1. Monteiro, A., Álgebra Linear e Geometria Analítica, McGraw-Hill de Portugal, 2001.
2. Anton, H., and Rorres, C., Elementary Linear Algebra - Applications Version, 8th Edition, John Wiley & Sons, 2000.
3. Giraldes, E., Fernandes, V. H., and Marques-Smith, M. P., Álgebra Linear e Geometria Analítica, McGraw-Hill de Portugal, 1995.
4. Santana, P., Queiró, J.F., Introdução à Álgebra linear, Gradiva 2010
5. Lipschutz, S., Linear Algebra - Shaum''s Outline of Theory and Problems
There are classes in which theory is lectured and illustrated by examples. There are also problem-solving sessions. Some exercises are left to the students to be solved on their own as part of their learning process.
Students enrolled for the first time in the unit must attend all classes, except up to 3 lectures and up to 3 problem-solving classes.

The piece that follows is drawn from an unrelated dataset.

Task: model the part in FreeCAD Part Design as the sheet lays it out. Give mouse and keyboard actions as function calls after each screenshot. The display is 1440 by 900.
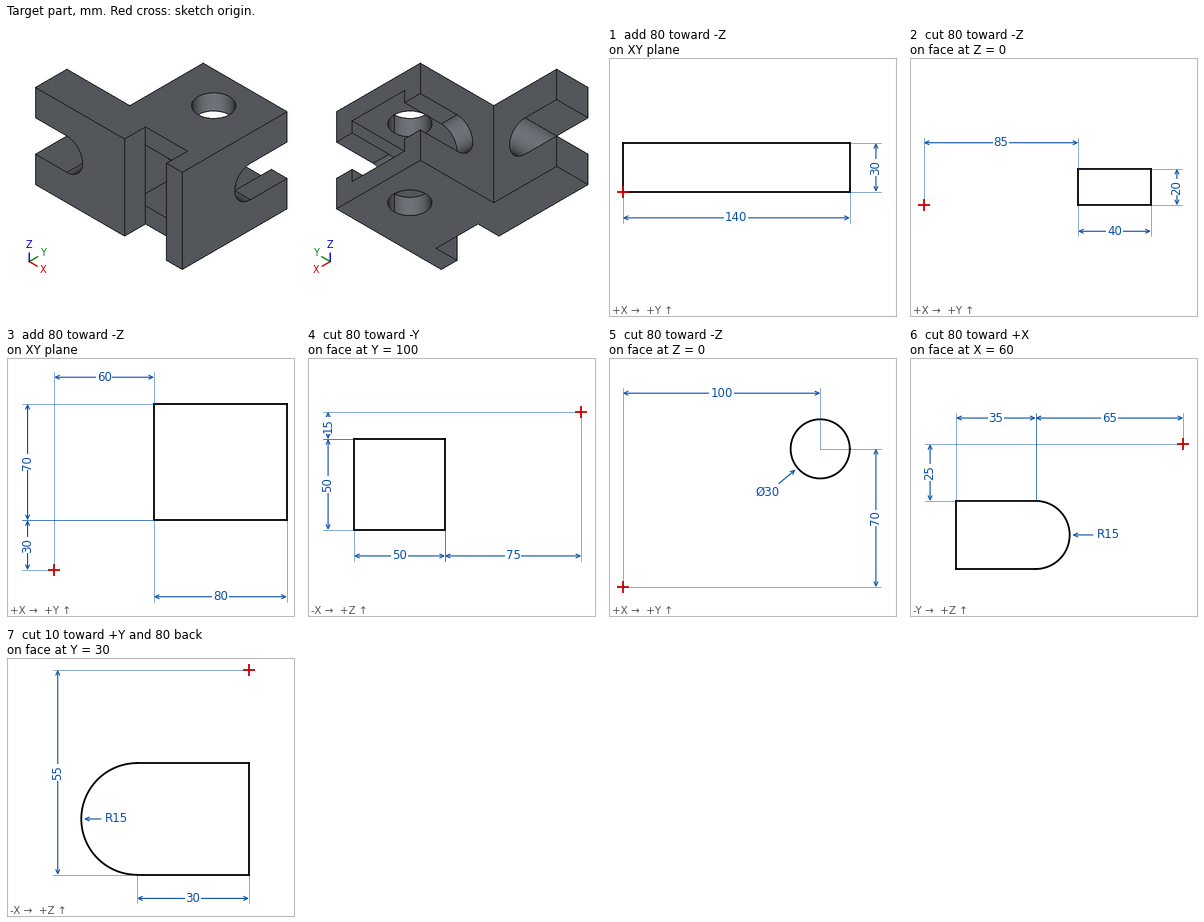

Students that have already been enrolled in the unit must attend, at least, 2/3 of the lectures and 2/3 of the problem-solving classes.
The students that do not fulfill the above requirements automatically fail "Geometria".
During the semester two tests will be carried out with a duration of 1 hour 30 minutes and an evaluation of the theorical and practical classes (apt). Each test is rated up to a maximum of 18 values and the practical classes can be rated between 0 and 2 values.
1st Test (t1): all students enrolled in the course may present themselves to the 1st test.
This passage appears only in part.